Beauregard wondered what Penelope was doing exactly now. He had not seen her since their argument of a few days ago.

‘Miss Penelope Churchward, my fiancée.’

He could not read Geneviève’s expression but fancied her eyes narrowed a shade. He tried to think of nothing.

‘Fiancée? It won’t last.’

He was shocked by her effrontery.

‘I’m sorry, Mr Beauregard. But believe me, I know this. Nothing lasts.’

26

MUSINGS AND MUTILATIONS

Dr Seward’s Diary (kept in phonograph)

2 OCTOBER

I feel their hot breath on my neck. Had Beauregard not finished her, Stride would have identified me. Others must have seen me about my nightwork: between Stride and Eddowes, I ran through the streets in a panic, bloodied and with a scalpel in my fist. I came close to being caught. I’d just begun work on Stride, when a cart thundered by. The horse snorted like Hell clearing its throat. I bolted, sure the Carpathian Guards were at my heels. By some miracle, the carter never saw me. According to
The Times,
my ‘person from Porlock’ was Louis Diemschütz, one of the Jewish-socialist crew who congregate around the International Working Men’s Educational Club. With Eddowes, I was more fortunate. I’d calmed down enough to conduct business with her. She knew and trusted me. That helped greatly. With her, the delivery was successful.

Indeed, I think the Eddowes delivery my greatest achievement to date. At its conclusion, I was calmed. To throw my pursuers off the
scent, I left a message on a wall. I walked back to the Hall, changed my clothes in good time, and was ready to meet the police when they arrived. All things considered, I carried off the unpleasantness with Stride well. Beauregard’s steady eye and silver bullet finished my work. I feel better in myself than in some months. The pain in my hand has abated. I wonder if this is not an effect of the bleeding. Since Kelly tapped me, the pain has been receding. I’ve looked Kelly up in our files, and have an address for her off Dorset Street. I must seek her out and again solicit her attentions.

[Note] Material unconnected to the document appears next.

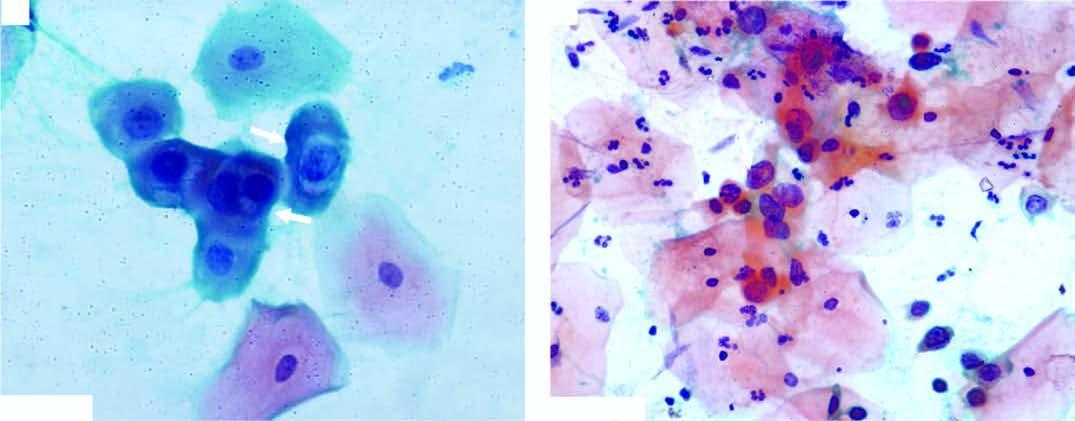what shows koilocytes having abundant vacuolated cytoplasm and nuclear enlargement?
Answer the question using a single word or phrase. Smear

There are so many fabulations about the Ripper, fuelled by silly notes to the press, that I can hide unnoticed among them, even if the occasional rumour strikes uncomfortably close. After all, my name
is
Jack.

Today, a patient, an uneducated immigrant named David Cohen, confessed to me that he was Jack the Ripper. I turned him over to the police and he has been removed in a strait-waistcoat to Colney Hatch. Lestrade showed me the file of similar confessions. A queue of cranks waits to claim credit for my deliveries. And somewhere out there is the letter-writer, chortling over his silly red ink and arch jokes.

‘Yours truly, Jack the Ripper’? Is the letter-writer someone I know? Does he know anything about me? No, he does not understand my mission. I am not a lunatic practical joker. I am a surgeon, cutting away diseased tissue. There is no ‘jolly wouldn’t you’ to it.

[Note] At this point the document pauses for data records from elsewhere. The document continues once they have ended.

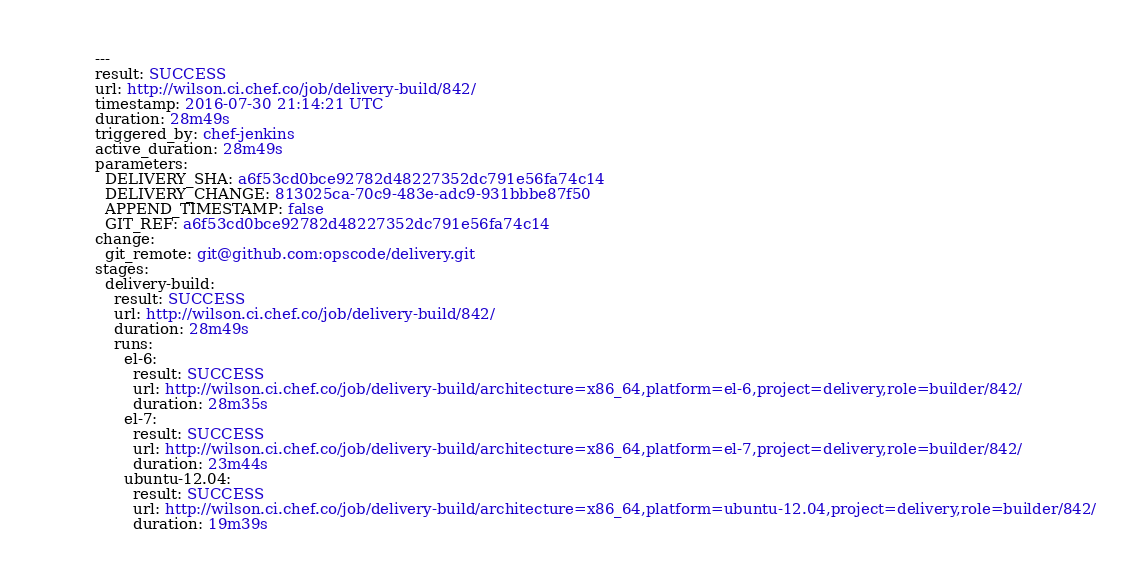<code> <loc_0><loc_0><loc_500><loc_500><_YAML_>---
result: SUCCESS
url: http://wilson.ci.chef.co/job/delivery-build/842/
timestamp: 2016-07-30 21:14:21 UTC
duration: 28m49s
triggered_by: chef-jenkins
active_duration: 28m49s
parameters:
  DELIVERY_SHA: a6f53cd0bce92782d48227352dc791e56fa74c14
  DELIVERY_CHANGE: 813025ca-70c9-483e-adc9-931bbbe87f50
  APPEND_TIMESTAMP: false
  GIT_REF: a6f53cd0bce92782d48227352dc791e56fa74c14
change:
  git_remote: git@github.com:opscode/delivery.git
stages:
  delivery-build:
    result: SUCCESS
    url: http://wilson.ci.chef.co/job/delivery-build/842/
    duration: 28m49s
    runs:
      el-6:
        result: SUCCESS
        url: http://wilson.ci.chef.co/job/delivery-build/architecture=x86_64,platform=el-6,project=delivery,role=builder/842/
        duration: 28m35s
      el-7:
        result: SUCCESS
        url: http://wilson.ci.chef.co/job/delivery-build/architecture=x86_64,platform=el-7,project=delivery,role=builder/842/
        duration: 23m44s
      ubuntu-12.04:
        result: SUCCESS
        url: http://wilson.ci.chef.co/job/delivery-build/architecture=x86_64,platform=ubuntu-12.04,project=delivery,role=builder/842/
        duration: 19m39s
</code>

I worry about Geneviève. Other vampires have a kind of red fog in their brains, but she is different. I read a piece by Frederick Treves in
The Lancet
, speculating on the business of bloodline, as delicately as possible suggesting that there might be something impure about the royal strain the Prince Consort has imported. So many of Dracula’s get are twisted, self-destructing creatures, torn apart by changing bodies and uncontrollable desires. Royal blood, of course,
is notoriously thin. Geneviève is sharp as a scalpel. Sometimes she knows what people are thinking. With her, I try to keep my mind on my patients, on schedules and time-tables. There are traps in any train of thought: thinking of the injuries I treat in a new-born who was run down by a carriage reminds me of the injuries I have inflicted on other new-borns. No, not injuries. Cuts. Surgical cuts. There is no malice, no hate, in what I do.

With Lucy, there was love. Here, there is only the cool of medical procedure. Van Helsing would have understood. I think of Kelly, of our bestial moments together. She is so like the Lucy that was. As I remember the feelings in my skin, my mouth dries. I become aroused. The bites Kelly made itch. The itch is pain and pleasure at once. With the itch comes a need, a complicated need. It is unlike the simple craving for morphine I have experienced when the hurt gets too much to bear. It is a need for Kelly’s kisses. But there is so much wrapped up in the need, so many thirsts.